TO DO:
Take the listing below and print exactly the lines starting at the line containing "Page size: 1241x1754." and ending at the line containing "For every layout", both ends included, and no others.

PROVIDED RECORDS:

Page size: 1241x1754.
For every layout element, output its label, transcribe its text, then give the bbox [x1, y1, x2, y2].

--

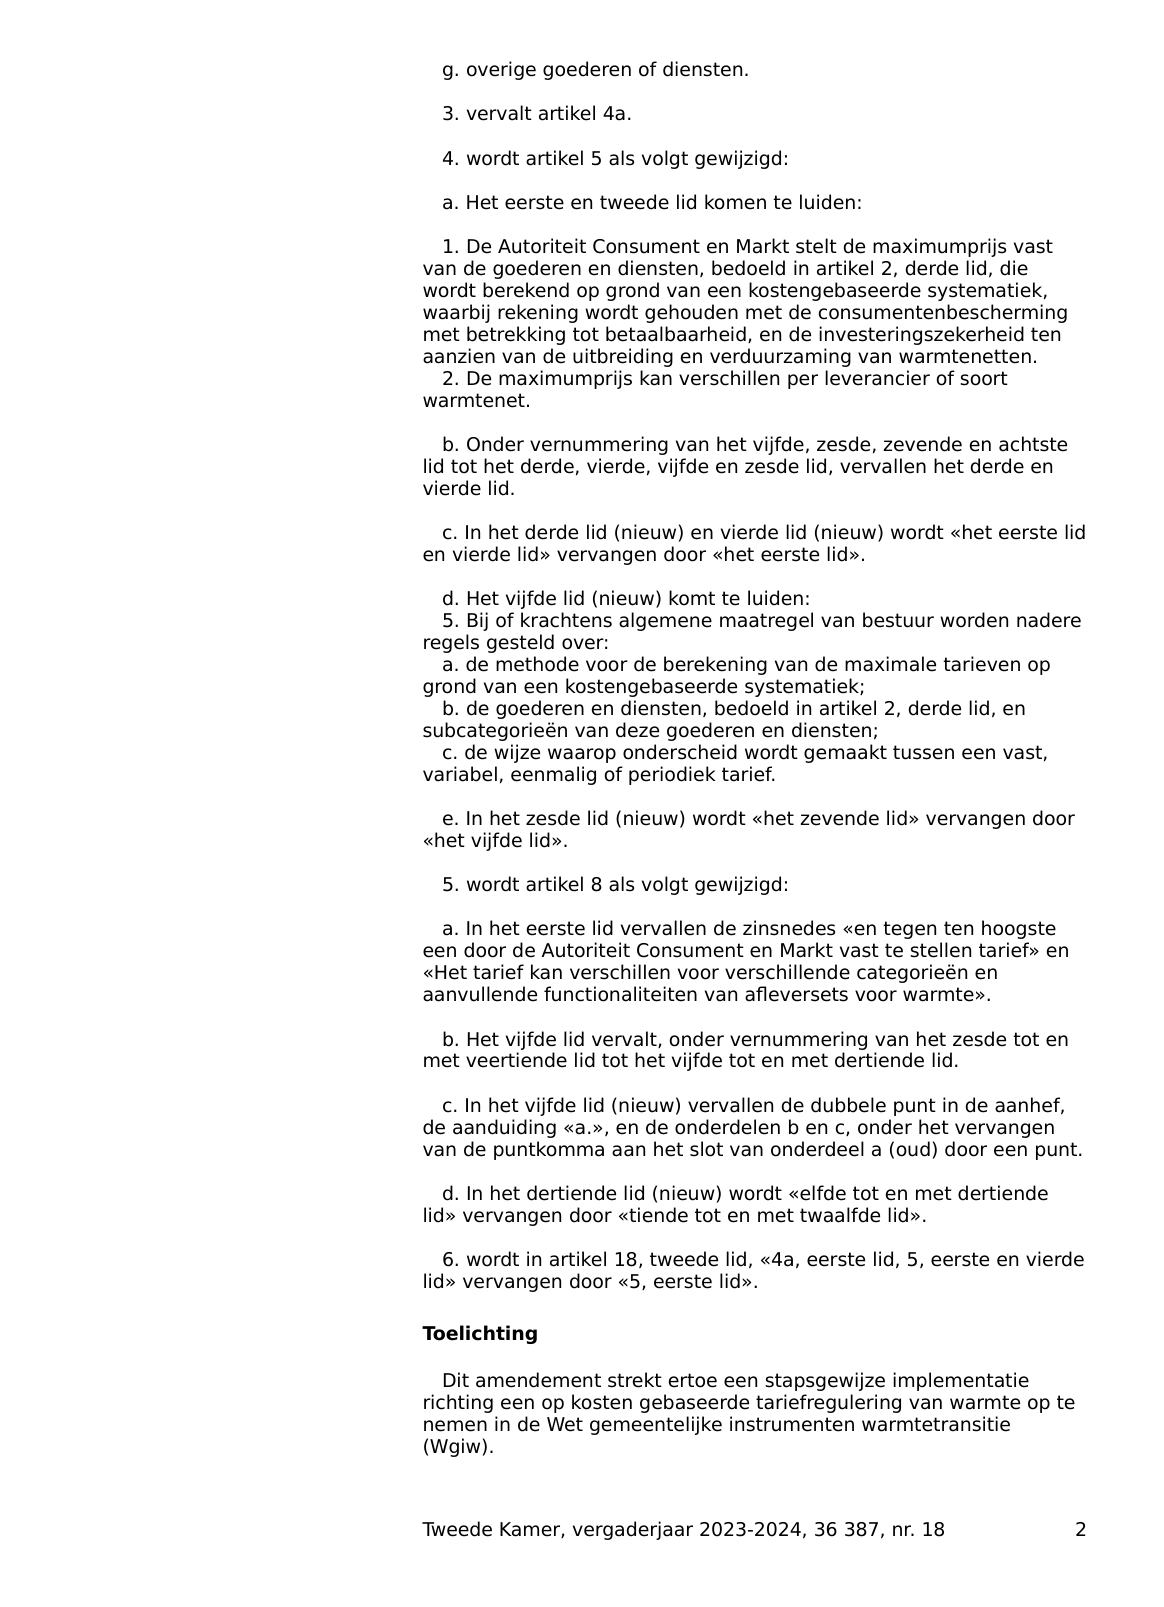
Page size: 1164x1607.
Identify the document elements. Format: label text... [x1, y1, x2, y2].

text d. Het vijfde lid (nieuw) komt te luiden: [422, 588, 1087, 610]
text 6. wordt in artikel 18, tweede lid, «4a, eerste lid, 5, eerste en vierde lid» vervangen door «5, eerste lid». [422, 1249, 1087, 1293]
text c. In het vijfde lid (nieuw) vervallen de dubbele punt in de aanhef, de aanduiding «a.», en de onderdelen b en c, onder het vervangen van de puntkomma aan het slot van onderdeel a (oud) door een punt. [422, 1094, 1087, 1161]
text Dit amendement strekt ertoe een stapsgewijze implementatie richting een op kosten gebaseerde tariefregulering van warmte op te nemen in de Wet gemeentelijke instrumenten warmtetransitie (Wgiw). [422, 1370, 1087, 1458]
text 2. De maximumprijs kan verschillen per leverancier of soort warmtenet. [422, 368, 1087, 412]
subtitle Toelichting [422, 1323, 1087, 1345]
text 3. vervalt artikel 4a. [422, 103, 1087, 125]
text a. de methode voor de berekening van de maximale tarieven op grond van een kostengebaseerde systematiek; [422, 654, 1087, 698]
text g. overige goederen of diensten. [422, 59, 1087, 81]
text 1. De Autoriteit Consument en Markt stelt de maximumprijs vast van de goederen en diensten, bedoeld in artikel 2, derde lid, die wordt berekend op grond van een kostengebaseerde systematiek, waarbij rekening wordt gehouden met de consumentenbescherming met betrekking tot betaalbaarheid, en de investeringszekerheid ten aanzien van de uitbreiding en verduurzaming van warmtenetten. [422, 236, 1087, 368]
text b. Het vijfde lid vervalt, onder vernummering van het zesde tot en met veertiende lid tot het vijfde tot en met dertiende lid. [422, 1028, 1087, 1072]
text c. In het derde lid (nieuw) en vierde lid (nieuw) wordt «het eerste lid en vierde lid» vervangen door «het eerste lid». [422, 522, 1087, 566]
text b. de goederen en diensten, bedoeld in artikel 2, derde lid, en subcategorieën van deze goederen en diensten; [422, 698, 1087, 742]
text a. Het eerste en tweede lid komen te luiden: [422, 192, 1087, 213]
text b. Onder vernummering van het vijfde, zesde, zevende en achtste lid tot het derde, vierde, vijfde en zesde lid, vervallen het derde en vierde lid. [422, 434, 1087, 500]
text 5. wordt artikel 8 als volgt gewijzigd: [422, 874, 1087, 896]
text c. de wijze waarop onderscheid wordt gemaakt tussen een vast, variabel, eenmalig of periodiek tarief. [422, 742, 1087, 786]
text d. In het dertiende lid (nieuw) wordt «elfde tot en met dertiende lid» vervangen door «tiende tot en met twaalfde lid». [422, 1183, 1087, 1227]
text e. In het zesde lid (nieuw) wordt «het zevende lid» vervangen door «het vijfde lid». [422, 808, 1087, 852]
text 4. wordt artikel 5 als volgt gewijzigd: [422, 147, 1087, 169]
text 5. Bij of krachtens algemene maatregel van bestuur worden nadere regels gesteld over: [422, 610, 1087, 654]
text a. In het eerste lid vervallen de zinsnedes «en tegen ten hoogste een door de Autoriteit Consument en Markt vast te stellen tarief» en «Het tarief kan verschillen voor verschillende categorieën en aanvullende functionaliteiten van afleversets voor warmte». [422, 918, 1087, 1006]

TASK SOLUTION:
Page size: 1241x1754.
For every layout element, output its label, transcribe its text, then give the bbox [x1, y1, x2, y2].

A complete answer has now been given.